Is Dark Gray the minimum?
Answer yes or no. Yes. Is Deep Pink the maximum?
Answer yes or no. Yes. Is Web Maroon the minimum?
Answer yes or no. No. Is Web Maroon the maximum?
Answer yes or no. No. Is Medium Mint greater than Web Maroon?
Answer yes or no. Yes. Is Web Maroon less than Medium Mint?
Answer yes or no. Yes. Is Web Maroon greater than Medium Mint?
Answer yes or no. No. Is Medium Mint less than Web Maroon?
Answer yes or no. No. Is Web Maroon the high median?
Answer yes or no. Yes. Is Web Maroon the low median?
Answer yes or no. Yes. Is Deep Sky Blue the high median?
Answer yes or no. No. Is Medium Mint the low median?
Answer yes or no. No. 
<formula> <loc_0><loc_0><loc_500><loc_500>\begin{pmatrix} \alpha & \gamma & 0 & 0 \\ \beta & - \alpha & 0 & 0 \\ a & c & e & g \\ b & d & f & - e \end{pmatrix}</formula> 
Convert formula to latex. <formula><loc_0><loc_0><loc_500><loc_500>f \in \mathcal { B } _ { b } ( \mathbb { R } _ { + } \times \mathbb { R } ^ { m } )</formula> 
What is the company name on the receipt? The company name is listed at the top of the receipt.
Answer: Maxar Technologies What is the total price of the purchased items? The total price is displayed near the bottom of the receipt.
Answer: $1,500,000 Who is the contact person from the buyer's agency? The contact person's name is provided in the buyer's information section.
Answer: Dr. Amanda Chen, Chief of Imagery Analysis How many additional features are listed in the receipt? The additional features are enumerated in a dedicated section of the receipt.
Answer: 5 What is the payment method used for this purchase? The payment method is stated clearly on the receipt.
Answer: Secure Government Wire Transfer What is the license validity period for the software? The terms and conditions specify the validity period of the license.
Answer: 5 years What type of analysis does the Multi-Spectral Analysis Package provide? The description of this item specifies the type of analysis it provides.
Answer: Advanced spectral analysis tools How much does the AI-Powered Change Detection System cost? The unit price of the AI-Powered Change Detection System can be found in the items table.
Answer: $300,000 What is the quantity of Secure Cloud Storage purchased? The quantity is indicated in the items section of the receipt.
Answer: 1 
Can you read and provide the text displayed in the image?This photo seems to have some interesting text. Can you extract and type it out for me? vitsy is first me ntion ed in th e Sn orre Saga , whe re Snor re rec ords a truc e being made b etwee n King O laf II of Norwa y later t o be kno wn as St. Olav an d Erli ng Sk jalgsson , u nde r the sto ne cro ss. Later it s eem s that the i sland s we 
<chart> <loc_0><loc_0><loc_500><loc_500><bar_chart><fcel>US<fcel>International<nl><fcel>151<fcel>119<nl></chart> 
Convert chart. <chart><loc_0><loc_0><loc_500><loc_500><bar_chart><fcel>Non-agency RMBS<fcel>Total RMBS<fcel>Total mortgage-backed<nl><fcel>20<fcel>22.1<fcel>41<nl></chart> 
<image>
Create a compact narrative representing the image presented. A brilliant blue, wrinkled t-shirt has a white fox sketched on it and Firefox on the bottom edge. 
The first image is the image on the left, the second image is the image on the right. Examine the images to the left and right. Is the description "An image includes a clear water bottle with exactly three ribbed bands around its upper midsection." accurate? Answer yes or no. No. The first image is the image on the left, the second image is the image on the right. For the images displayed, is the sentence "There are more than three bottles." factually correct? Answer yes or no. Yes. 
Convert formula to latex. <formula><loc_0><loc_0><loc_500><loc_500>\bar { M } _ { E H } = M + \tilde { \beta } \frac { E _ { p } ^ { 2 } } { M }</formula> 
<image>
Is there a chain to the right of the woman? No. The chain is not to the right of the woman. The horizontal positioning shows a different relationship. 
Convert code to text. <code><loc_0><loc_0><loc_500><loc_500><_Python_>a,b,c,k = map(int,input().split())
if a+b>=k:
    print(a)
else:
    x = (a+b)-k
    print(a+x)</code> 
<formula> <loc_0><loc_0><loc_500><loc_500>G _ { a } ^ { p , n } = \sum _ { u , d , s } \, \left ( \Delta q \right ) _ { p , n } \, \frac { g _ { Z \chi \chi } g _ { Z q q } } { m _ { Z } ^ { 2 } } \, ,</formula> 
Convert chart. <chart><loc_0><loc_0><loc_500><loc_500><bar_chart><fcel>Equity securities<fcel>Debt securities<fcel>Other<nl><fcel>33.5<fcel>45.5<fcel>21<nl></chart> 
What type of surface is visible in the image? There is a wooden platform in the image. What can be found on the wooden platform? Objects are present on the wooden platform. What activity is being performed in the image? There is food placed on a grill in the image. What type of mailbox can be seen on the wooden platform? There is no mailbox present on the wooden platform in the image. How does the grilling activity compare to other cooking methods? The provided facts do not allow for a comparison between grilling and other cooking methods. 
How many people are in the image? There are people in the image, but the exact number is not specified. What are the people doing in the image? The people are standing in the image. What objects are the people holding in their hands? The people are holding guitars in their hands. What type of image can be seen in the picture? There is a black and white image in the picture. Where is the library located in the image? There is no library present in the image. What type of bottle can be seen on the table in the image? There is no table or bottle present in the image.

────────────────────

_How to complete this task_: An unaltered copy of the listing above must form the answer.

_Result of this exercise_:
Is Dark Gray the minimum?
Answer yes or no. Yes. Is Deep Pink the maximum?
Answer yes or no. Yes. Is Web Maroon the minimum?
Answer yes or no. No. Is Web Maroon the maximum?
Answer yes or no. No. Is Medium Mint greater than Web Maroon?
Answer yes or no. Yes. Is Web Maroon less than Medium Mint?
Answer yes or no. Yes. Is Web Maroon greater than Medium Mint?
Answer yes or no. No. Is Medium Mint less than Web Maroon?
Answer yes or no. No. Is Web Maroon the high median?
Answer yes or no. Yes. Is Web Maroon the low median?
Answer yes or no. Yes. Is Deep Sky Blue the high median?
Answer yes or no. No. Is Medium Mint the low median?
Answer yes or no. No. 
<formula> <loc_0><loc_0><loc_500><loc_500>\begin{pmatrix} \alpha & \gamma & 0 & 0 \\ \beta & - \alpha & 0 & 0 \\ a & c & e & g \\ b & d & f & - e \end{pmatrix}</formula> 
Convert formula to latex. <formula><loc_0><loc_0><loc_500><loc_500>f \in \mathcal { B } _ { b } ( \mathbb { R } _ { + } \times \mathbb { R } ^ { m } )</formula> 
What is the company name on the receipt? The company name is listed at the top of the receipt.
Answer: Maxar Technologies What is the total price of the purchased items? The total price is displayed near the bottom of the receipt.
Answer: $1,500,000 Who is the contact person from the buyer's agency? The contact person's name is provided in the buyer's information section.
Answer: Dr. Amanda Chen, Chief of Imagery Analysis How many additional features are listed in the receipt? The additional features are enumerated in a dedicated section of the receipt.
Answer: 5 What is the payment method used for this purchase? The payment method is stated clearly on the receipt.
Answer: Secure Government Wire Transfer What is the license validity period for the software? The terms and conditions specify the validity period of the license.
Answer: 5 years What type of analysis does the Multi-Spectral Analysis Package provide? The description of this item specifies the type of analysis it provides.
Answer: Advanced spectral analysis tools How much does the AI-Powered Change Detection System cost? The unit price of the AI-Powered Change Detection System can be found in the items table.
Answer: $300,000 What is the quantity of Secure Cloud Storage purchased? The quantity is indicated in the items section of the receipt.
Answer: 1 
Can you read and provide the text displayed in the image?This photo seems to have some interesting text. Can you extract and type it out for me? vitsy is first me ntion ed in th e Sn orre Saga , whe re Snor re rec ords a truc e being made b etwee n King O laf II of Norwa y later t o be kno wn as St. Olav an d Erli ng Sk jalgsson , u nde r the sto ne cro ss. Later it s eem s that the i sland s we 
<chart> <loc_0><loc_0><loc_500><loc_500><bar_chart><fcel>US<fcel>International<nl><fcel>151<fcel>119<nl></chart> 
Convert chart. <chart><loc_0><loc_0><loc_500><loc_500><bar_chart><fcel>Non-agency RMBS<fcel>Total RMBS<fcel>Total mortgage-backed<nl><fcel>20<fcel>22.1<fcel>41<nl></chart> 
<image>
Create a compact narrative representing the image presented. A brilliant blue, wrinkled t-shirt has a white fox sketched on it and Firefox on the bottom edge. 
The first image is the image on the left, the second image is the image on the right. Examine the images to the left and right. Is the description "An image includes a clear water bottle with exactly three ribbed bands around its upper midsection." accurate? Answer yes or no. No. The first image is the image on the left, the second image is the image on the right. For the images displayed, is the sentence "There are more than three bottles." factually correct? Answer yes or no. Yes. 
Convert formula to latex. <formula><loc_0><loc_0><loc_500><loc_500>\bar { M } _ { E H } = M + \tilde { \beta } \frac { E _ { p } ^ { 2 } } { M }</formula> 
<image>
Is there a chain to the right of the woman? No. The chain is not to the right of the woman. The horizontal positioning shows a different relationship. 
Convert code to text. <code><loc_0><loc_0><loc_500><loc_500><_Python_>a,b,c,k = map(int,input().split())
if a+b>=k:
    print(a)
else:
    x = (a+b)-k
    print(a+x)</code> 
<formula> <loc_0><loc_0><loc_500><loc_500>G _ { a } ^ { p , n } = \sum _ { u , d , s } \, \left ( \Delta q \right ) _ { p , n } \, \frac { g _ { Z \chi \chi } g _ { Z q q } } { m _ { Z } ^ { 2 } } \, ,</formula> 
Convert chart. <chart><loc_0><loc_0><loc_500><loc_500><bar_chart><fcel>Equity securities<fcel>Debt securities<fcel>Other<nl><fcel>33.5<fcel>45.5<fcel>21<nl></chart> 
What type of surface is visible in the image? There is a wooden platform in the image. What can be found on the wooden platform? Objects are present on the wooden platform. What activity is being performed in the image? There is food placed on a grill in the image. What type of mailbox can be seen on the wooden platform? There is no mailbox present on the wooden platform in the image. How does the grilling activity compare to other cooking methods? The provided facts do not allow for a comparison between grilling and other cooking methods. 
How many people are in the image? There are people in the image, but the exact number is not specified. What are the people doing in the image? The people are standing in the image. What objects are the people holding in their hands? The people are holding guitars in their hands. What type of image can be seen in the picture? There is a black and white image in the picture. Where is the library located in the image? There is no library present in the image. What type of bottle can be seen on the table in the image? There is no table or bottle present in the image.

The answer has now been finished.